Она уже смеялась, опять скрестила по‑йоговски ноги, волосы свисали до полу. Не будь я тот, кто я есть, – уродец, сломанный болванчик ее матери, да еще втрое старше, чем она, – я бы подумал, что она возбудила себя своими собственными речами – исповедальными, евангельски-учительскими, какими угодно. В ее глазах появился влажный блеск, при виде которого полноценный мужчина должен был бы принять то или иное решение. Я думаю, источником пикантности был не сам разговор – в ее среде это повседневная пища, – а то, что ей удалось такой современной темой вызвать шевеление каменных губ Горгоны.

– Если вникнуть как следует, – сказал я, – то ведь я и занавеску не задернул, и свет не погасил. Хотите быть литературным критиком – читайте, что написано. В той сцене, что вы сегодня напечатали, комната полна преломленного лунного света, дверь распахнута настежь, ничего не занавешено, все насквозь продувается ночным горным воздухом. Для викторианцев бабушка с дедушкой, в общем, молодцы. Жаль только, что эта маленькая любовная сцена не все сделала, что должна бы.

– Почему? Весенняя уборка не задалась?

– На полчаса, может быть, хватило. Потом она выяснила, что если он присоединится к изысканиям, то зимой его ждет полевая работа в Калифорнии, а на другое лето он может оказаться чуть ли не в любой точке Запада. Ей тогда либо тащиться следом, снимать жилье в ближайшем городишке, либо обратно в Милтон.

– Значит, не позволила ему согласиться.

– Она бы не выразилась так.
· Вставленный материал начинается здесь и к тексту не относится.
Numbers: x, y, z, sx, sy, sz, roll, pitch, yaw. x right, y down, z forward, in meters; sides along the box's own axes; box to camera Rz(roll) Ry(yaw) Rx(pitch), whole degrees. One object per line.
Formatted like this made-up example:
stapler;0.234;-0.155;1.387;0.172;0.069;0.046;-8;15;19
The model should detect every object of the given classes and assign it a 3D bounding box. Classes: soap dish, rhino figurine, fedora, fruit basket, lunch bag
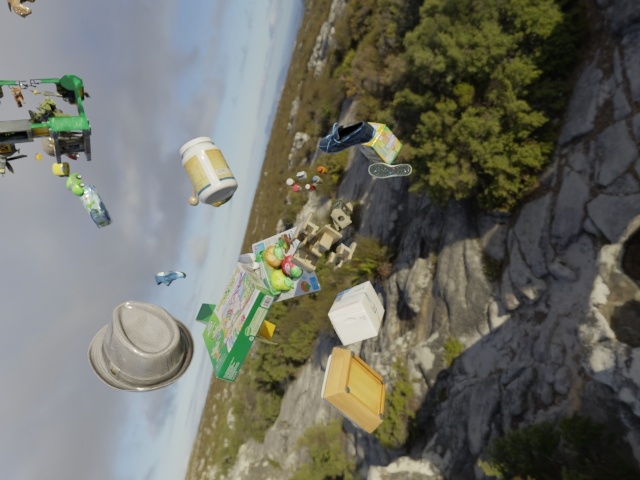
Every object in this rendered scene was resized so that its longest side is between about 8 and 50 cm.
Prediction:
soap dish;0.144;0.597;1.749;0.118;0.291;0.229;-30;27;34
rhino figurine;-1.048;-0.435;1.713;0.073;0.106;0.244;-32;71;51
fedora;-0.447;0.241;1.088;0.275;0.243;0.124;38;134;28
fruit basket;-0.188;0.132;2.162;0.353;0.165;0.327;-19;90;42
lunch bag;-1.178;-0.176;2.274;0.219;0.090;0.176;61;157;1

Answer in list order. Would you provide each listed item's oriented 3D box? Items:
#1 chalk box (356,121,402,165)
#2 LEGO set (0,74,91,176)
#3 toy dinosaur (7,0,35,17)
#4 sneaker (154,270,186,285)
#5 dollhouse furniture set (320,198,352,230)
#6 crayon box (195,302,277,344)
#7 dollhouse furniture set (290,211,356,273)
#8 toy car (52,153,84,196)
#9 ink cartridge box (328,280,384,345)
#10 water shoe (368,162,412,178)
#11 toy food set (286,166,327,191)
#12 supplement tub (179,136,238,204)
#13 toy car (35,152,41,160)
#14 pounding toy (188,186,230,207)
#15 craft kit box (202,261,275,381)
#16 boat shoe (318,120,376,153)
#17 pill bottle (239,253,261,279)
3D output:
chalk box;0.293;-0.449;2.096;0.132;0.213;0.132;26;82;49
LEGO set;-0.833;-0.339;1.283;0.255;0.331;0.192;59;146;11
toy dinosaur;-0.729;-0.593;1.035;0.112;0.064;0.211;-52;50;6
sneaker;-0.751;0.193;2.179;0.063;0.162;0.073;38;-134;-78
dollhouse furniture set;0.063;-0.123;2.132;0.161;0.101;0.182;-34;21;22
crayon box;-0.326;0.331;1.730;0.318;0.202;0.081;-2;60;44
dollhouse furniture set;0.000;0.000;1.680;0.242;0.212;0.161;-42;19;51
toy car;-1.034;-0.282;1.789;0.239;0.053;0.225;-39;71;34
ink cartridge box;0.164;0.324;1.946;0.168;0.171;0.233;62;-158;-9
water shoe;0.329;-0.320;2.050;0.080;0.203;0.073;26;-111;-73
toy food set;-0.077;-0.320;2.313;0.104;0.232;0.111;4;-106;-75
supplement tub;-0.391;-0.242;1.513;0.200;0.144;0.144;62;161;7
toy car;-0.935;-0.304;1.366;0.040;0.060;0.122;5;116;41
pounding toy;-0.537;-0.234;2.209;0.110;0.236;0.183;52;134;42
craft kit box;-0.232;0.211;1.189;0.250;0.060;0.246;-63;25;2
boat shoe;0.089;-0.410;1.662;0.258;0.089;0.109;-13;56;37
pill bottle;-0.346;0.165;2.120;0.108;0.108;0.194;-142;45;-77
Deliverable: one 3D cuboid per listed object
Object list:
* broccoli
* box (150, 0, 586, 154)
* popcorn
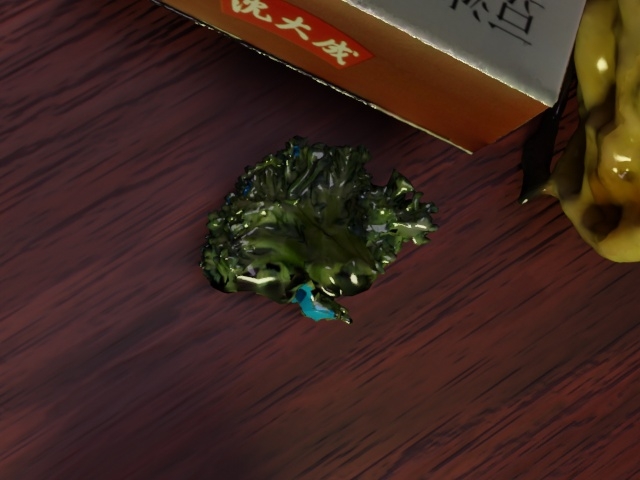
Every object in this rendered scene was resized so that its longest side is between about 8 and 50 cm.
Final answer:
[{"bbox_3d":[0.000,0.000,0.704,0.167,0.160,0.154,20,112,-21],"label":"broccoli"},{"bbox_3d":[0.044,-0.312,0.657,0.344,0.122,0.385,24,73,-13],"label":"box"},{"bbox_3d":[0.324,-0.128,0.716,0.382,0.349,0.349,-23,94,27],"label":"popcorn"}]
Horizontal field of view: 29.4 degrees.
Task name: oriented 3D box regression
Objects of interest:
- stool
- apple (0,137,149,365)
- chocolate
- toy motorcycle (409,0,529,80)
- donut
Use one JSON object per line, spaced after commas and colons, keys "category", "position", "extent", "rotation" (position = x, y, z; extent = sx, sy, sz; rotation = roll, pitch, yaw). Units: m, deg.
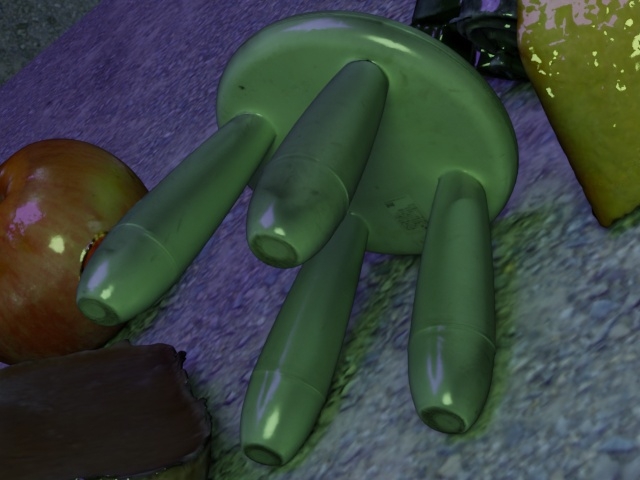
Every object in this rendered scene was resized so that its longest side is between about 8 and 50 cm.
{"category": "stool", "position": [0.000, 0.000, 0.716], "extent": [0.195, 0.195, 0.198], "rotation": [-17, 38, 42]}
{"category": "apple", "position": [-0.240, 0.011, 1.084], "extent": [0.209, 0.164, 0.209], "rotation": [-34, 27, 20]}
{"category": "chocolate", "position": [-0.152, 0.142, 0.798], "extent": [0.161, 0.083, 0.261], "rotation": [-8, 13, -9]}
{"category": "toy motorcycle", "position": [0.138, -0.213, 0.950], "extent": [0.275, 0.127, 0.205], "rotation": [-6, 70, 64]}
{"category": "donut", "position": [0.187, -0.147, 0.723], "extent": [0.101, 0.152, 0.259], "rotation": [-14, 37, 43]}
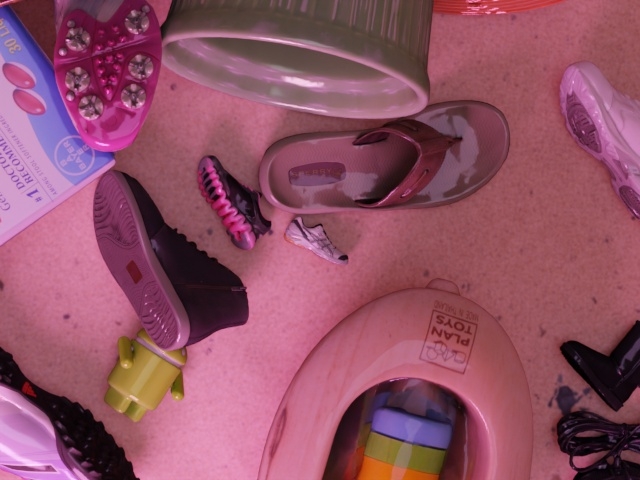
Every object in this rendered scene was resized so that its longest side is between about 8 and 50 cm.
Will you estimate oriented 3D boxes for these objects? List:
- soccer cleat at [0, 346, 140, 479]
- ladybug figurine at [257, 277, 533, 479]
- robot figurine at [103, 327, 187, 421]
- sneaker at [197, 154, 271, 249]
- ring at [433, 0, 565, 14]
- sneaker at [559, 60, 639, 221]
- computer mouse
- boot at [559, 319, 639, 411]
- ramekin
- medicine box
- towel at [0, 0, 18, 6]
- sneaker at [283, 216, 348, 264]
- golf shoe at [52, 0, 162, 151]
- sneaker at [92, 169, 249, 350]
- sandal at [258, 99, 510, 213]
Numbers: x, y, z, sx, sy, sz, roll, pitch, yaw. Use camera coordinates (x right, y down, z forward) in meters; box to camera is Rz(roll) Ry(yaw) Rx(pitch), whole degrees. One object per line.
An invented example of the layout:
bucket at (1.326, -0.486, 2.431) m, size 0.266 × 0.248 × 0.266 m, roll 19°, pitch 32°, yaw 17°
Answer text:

Она беспокоилась за сына, хотела, чтобы у него был надежный дом, где он будет расти; думаю, и за себя беспокоилась – что трудно будет, когда не с кем поговорить на художественные и интеллектуальные темы. Так что пару дней они колебались, судили-рядили, а потом ему предложили должность управляющего на руднике “Аделаида”, и он ее взял. Она могла продолжать планировать пристройку, могла готовиться привезти сына, могла думать о приеме летних гостей на следующий год. На “живой театр” не очень смахивало, но из этого состояла ее жизнь.